• **HOW TO COMPLETE THIS TASK**: Copy verbatim the block of lines in the entries below whose first line contains "#31 parking meter" and whose last line contains "#43 traffic sign <box>1526,476,1532,488</box>". Leave out all other lines.

• **DATA FOR PROCESSING**:
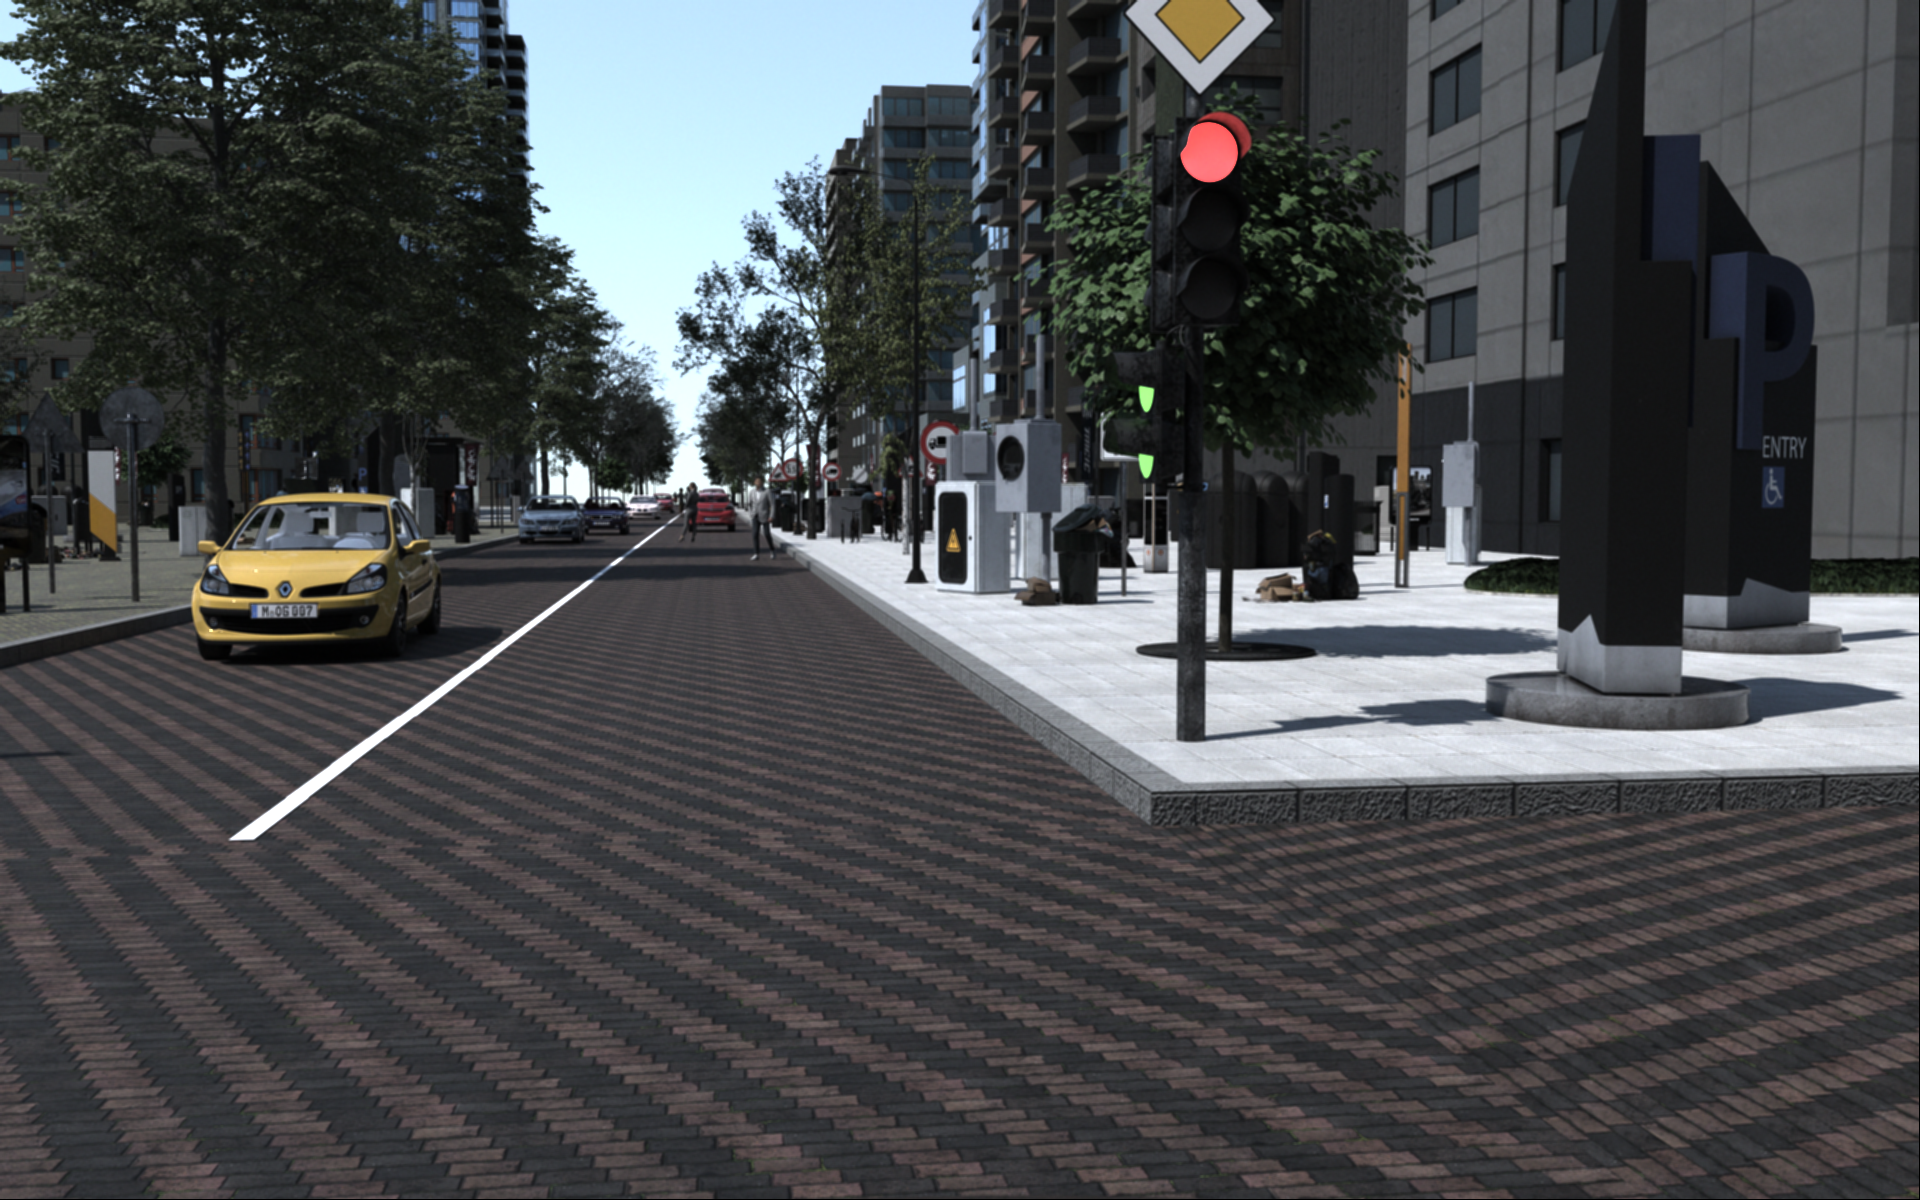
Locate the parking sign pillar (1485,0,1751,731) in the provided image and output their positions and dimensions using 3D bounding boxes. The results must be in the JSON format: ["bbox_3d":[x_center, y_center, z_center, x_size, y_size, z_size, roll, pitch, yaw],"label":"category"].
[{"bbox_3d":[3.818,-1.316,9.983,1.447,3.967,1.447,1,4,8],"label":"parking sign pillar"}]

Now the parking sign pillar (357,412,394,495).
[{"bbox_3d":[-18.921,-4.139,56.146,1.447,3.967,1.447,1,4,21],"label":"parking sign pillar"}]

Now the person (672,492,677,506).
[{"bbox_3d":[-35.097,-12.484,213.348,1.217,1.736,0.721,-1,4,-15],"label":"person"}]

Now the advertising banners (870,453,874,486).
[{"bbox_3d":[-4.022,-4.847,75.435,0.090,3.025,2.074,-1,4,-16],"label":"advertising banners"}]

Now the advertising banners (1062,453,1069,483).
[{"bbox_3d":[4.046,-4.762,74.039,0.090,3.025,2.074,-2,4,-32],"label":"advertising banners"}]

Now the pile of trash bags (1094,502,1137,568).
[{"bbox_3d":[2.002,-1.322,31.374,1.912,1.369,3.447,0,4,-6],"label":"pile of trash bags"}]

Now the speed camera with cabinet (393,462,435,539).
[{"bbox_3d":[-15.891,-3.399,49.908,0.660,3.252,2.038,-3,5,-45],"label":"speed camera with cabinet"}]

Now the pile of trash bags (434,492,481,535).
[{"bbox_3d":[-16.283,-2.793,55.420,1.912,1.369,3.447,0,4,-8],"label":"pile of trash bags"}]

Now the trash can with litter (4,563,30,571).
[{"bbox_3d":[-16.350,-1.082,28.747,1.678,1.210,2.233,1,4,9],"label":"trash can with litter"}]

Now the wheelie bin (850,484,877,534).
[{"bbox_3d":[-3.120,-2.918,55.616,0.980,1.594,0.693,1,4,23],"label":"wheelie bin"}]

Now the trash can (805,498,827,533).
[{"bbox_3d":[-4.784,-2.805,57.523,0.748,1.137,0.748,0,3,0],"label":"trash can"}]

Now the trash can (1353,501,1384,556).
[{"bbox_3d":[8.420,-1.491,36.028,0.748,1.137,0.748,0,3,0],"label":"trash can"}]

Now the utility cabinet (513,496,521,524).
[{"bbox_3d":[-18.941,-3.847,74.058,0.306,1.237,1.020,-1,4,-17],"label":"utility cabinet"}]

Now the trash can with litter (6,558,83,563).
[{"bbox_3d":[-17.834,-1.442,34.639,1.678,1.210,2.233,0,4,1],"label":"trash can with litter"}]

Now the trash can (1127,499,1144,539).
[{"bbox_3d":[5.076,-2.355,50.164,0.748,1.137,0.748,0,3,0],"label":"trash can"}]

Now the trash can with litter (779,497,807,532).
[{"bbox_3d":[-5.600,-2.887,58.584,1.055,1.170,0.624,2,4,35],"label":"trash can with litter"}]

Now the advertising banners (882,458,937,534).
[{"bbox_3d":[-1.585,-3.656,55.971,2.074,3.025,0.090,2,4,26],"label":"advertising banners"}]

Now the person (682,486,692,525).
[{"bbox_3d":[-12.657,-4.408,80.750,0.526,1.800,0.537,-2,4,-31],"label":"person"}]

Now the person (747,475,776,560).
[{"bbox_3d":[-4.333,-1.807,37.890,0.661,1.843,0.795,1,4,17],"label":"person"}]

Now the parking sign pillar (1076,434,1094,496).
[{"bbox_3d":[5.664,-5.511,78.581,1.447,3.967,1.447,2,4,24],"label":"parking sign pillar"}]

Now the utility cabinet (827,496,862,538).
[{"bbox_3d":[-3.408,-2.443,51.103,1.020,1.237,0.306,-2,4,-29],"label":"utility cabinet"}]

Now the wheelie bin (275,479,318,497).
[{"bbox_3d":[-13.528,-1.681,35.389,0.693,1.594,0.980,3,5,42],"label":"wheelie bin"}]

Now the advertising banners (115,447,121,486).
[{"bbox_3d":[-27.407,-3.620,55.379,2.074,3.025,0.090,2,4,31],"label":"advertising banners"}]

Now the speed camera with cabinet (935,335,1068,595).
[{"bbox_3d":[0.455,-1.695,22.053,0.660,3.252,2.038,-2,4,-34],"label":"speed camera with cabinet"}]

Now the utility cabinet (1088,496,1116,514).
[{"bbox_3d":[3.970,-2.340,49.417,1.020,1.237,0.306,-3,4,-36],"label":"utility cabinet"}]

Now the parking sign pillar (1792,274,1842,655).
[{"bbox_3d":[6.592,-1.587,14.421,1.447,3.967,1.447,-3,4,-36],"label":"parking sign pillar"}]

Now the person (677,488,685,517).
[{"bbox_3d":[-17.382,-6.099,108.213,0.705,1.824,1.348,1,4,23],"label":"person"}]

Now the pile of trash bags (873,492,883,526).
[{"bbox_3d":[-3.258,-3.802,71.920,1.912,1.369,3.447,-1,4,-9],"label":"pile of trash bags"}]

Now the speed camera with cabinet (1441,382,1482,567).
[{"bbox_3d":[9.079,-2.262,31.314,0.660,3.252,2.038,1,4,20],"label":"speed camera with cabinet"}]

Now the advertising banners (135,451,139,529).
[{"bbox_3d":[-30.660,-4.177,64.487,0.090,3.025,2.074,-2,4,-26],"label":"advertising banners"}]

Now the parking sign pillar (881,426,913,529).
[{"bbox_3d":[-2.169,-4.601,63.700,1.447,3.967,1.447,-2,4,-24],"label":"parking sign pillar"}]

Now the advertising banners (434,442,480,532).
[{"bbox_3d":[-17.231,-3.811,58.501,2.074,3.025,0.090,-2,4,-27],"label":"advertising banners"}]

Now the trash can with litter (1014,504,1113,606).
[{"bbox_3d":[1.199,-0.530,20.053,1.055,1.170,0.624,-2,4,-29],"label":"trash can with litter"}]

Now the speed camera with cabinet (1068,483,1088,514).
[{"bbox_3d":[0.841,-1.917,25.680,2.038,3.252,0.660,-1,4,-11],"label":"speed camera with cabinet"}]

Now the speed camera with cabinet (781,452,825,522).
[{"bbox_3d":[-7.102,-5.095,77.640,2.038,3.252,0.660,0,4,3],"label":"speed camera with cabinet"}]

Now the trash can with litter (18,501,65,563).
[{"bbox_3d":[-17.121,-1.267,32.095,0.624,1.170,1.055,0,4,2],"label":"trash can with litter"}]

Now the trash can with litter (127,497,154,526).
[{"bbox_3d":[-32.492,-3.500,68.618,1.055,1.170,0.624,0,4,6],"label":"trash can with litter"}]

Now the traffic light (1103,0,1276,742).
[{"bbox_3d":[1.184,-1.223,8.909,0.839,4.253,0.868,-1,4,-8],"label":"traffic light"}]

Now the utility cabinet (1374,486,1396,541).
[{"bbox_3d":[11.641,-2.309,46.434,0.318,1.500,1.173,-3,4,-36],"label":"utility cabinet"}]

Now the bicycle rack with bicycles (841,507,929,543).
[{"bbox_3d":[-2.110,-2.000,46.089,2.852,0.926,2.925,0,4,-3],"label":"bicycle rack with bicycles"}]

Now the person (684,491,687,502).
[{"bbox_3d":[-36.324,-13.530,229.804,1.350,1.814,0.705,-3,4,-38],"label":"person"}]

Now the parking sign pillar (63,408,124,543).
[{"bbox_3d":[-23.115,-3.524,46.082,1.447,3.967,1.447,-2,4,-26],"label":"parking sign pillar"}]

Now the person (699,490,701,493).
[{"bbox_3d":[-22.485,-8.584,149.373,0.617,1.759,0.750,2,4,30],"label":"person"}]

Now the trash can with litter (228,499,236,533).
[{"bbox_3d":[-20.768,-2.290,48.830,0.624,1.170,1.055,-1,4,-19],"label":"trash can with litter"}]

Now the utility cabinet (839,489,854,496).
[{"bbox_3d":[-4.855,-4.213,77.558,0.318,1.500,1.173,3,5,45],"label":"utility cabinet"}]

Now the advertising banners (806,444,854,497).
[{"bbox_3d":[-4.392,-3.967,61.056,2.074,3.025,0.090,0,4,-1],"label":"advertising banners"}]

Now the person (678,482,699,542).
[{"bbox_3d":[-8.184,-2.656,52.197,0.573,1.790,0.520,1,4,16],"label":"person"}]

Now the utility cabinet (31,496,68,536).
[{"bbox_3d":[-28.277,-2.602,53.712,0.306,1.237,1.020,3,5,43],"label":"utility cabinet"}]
* * *
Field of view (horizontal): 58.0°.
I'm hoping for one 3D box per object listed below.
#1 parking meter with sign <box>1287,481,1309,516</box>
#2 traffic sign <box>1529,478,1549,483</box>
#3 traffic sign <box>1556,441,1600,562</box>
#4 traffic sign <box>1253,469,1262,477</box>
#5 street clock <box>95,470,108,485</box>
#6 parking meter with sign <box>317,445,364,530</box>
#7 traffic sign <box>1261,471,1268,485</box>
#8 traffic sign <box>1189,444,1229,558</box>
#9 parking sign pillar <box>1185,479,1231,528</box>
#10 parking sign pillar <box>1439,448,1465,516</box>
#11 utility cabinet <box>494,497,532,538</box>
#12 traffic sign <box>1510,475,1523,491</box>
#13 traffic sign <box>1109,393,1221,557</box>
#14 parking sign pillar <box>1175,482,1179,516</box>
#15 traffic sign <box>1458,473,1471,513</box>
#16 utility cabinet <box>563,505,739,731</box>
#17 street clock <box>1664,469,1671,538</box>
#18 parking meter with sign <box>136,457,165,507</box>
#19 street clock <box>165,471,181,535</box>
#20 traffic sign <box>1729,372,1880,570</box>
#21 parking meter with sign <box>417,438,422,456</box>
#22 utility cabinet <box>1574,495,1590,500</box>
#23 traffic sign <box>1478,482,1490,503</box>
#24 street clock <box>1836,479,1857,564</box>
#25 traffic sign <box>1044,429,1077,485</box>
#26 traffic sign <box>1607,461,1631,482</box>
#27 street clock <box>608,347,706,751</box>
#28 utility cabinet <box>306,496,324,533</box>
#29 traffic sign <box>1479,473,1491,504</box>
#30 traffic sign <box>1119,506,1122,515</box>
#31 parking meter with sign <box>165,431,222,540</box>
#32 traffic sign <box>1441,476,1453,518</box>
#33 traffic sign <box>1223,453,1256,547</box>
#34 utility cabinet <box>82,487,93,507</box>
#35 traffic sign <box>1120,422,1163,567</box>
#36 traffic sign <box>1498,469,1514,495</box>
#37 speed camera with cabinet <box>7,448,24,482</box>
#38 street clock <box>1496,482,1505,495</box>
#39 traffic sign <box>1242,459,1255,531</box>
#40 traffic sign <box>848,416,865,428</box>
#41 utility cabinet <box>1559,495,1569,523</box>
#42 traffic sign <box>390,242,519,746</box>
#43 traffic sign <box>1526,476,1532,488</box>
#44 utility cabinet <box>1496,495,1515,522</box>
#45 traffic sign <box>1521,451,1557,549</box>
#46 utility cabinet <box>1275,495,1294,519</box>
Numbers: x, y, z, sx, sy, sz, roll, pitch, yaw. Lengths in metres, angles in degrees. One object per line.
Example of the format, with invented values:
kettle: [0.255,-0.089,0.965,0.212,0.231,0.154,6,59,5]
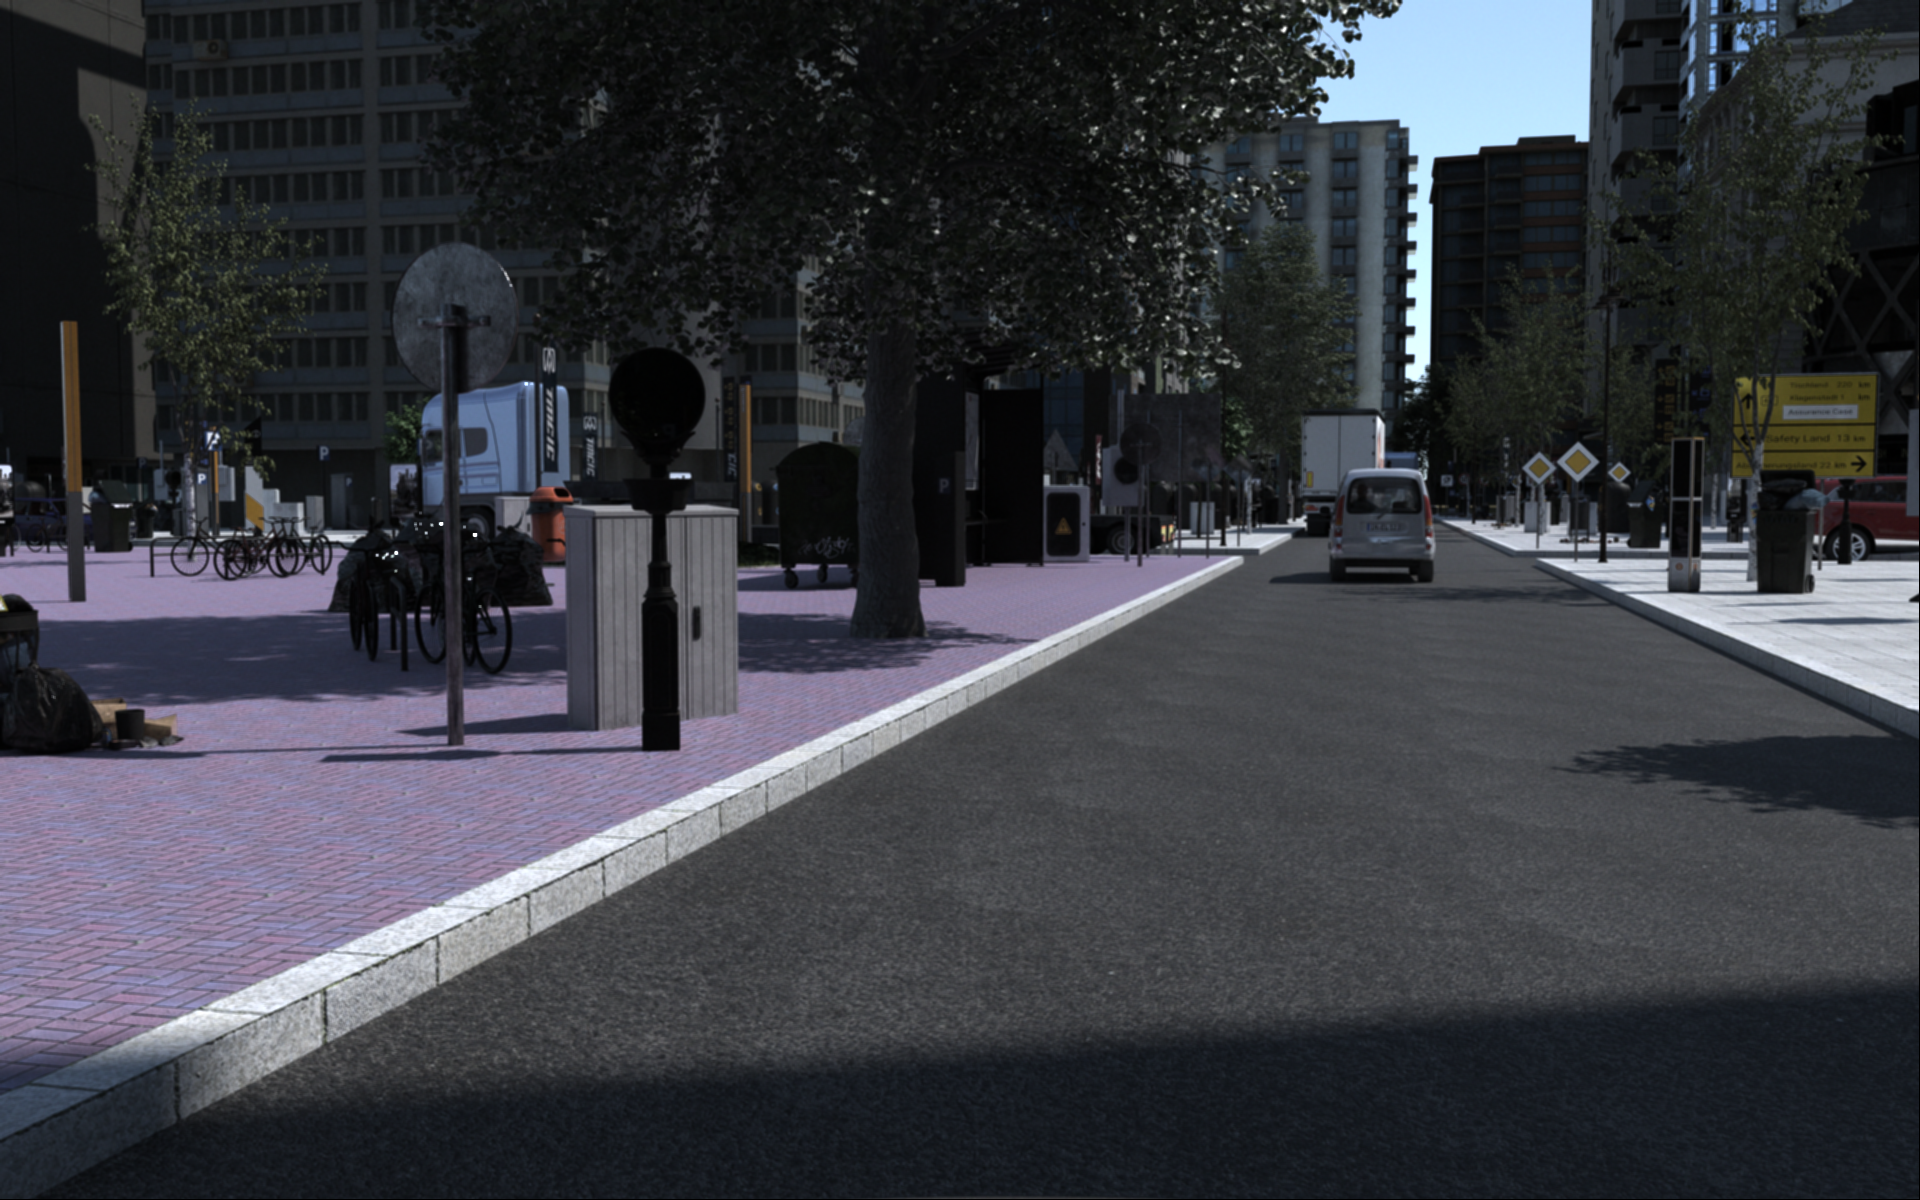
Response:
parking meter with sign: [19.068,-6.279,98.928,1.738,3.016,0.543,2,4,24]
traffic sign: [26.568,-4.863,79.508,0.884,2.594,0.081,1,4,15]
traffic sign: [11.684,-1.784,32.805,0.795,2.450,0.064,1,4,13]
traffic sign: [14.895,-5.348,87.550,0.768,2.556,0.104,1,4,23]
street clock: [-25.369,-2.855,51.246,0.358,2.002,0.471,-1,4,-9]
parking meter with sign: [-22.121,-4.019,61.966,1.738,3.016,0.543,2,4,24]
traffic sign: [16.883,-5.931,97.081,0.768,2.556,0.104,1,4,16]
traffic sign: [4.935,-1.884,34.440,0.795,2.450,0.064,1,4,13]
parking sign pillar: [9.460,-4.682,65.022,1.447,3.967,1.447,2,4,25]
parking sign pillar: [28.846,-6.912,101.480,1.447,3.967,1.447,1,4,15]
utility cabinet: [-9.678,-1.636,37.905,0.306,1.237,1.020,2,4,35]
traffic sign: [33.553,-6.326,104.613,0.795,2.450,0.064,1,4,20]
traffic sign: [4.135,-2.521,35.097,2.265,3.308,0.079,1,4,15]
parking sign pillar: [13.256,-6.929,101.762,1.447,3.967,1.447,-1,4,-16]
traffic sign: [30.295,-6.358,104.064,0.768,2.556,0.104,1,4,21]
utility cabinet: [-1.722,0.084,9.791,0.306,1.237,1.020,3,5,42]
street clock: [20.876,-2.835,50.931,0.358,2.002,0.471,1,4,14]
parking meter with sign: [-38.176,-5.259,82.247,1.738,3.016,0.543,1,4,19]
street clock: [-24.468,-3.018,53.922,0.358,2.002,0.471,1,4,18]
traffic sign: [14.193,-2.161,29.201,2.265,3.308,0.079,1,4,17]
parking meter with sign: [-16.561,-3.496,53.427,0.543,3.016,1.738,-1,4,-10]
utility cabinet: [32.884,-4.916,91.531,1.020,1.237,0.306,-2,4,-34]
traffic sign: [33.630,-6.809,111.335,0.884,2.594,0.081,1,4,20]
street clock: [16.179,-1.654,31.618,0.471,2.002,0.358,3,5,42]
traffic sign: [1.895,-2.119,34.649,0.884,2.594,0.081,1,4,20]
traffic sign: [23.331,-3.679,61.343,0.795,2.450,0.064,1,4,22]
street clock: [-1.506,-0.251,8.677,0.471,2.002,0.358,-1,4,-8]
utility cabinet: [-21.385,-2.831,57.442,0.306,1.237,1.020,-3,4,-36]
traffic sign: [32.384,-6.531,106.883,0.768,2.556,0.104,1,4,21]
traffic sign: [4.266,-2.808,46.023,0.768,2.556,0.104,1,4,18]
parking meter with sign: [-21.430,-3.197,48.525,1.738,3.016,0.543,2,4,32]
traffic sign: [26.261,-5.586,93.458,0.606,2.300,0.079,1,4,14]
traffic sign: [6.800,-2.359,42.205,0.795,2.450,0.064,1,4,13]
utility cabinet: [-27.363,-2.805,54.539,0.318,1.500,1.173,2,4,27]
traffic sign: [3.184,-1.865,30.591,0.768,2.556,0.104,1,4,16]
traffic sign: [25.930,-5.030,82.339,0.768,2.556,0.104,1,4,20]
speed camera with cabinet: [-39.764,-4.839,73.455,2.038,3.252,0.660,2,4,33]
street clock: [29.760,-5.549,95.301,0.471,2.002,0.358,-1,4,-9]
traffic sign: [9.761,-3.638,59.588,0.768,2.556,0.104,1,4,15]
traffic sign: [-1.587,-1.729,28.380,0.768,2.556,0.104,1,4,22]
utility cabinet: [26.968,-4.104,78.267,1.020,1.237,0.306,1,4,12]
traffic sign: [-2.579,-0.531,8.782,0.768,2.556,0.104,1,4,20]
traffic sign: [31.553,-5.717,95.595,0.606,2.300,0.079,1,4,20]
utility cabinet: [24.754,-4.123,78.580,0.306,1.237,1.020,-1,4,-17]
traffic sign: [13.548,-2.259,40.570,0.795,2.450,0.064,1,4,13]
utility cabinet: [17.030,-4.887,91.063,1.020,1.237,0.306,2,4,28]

• **OUTPUT OF THE TASK**:
#31 parking meter with sign <box>165,431,222,540</box>
#32 traffic sign <box>1441,476,1453,518</box>
#33 traffic sign <box>1223,453,1256,547</box>
#34 utility cabinet <box>82,487,93,507</box>
#35 traffic sign <box>1120,422,1163,567</box>
#36 traffic sign <box>1498,469,1514,495</box>
#37 speed camera with cabinet <box>7,448,24,482</box>
#38 street clock <box>1496,482,1505,495</box>
#39 traffic sign <box>1242,459,1255,531</box>
#40 traffic sign <box>848,416,865,428</box>
#41 utility cabinet <box>1559,495,1569,523</box>
#42 traffic sign <box>390,242,519,746</box>
#43 traffic sign <box>1526,476,1532,488</box>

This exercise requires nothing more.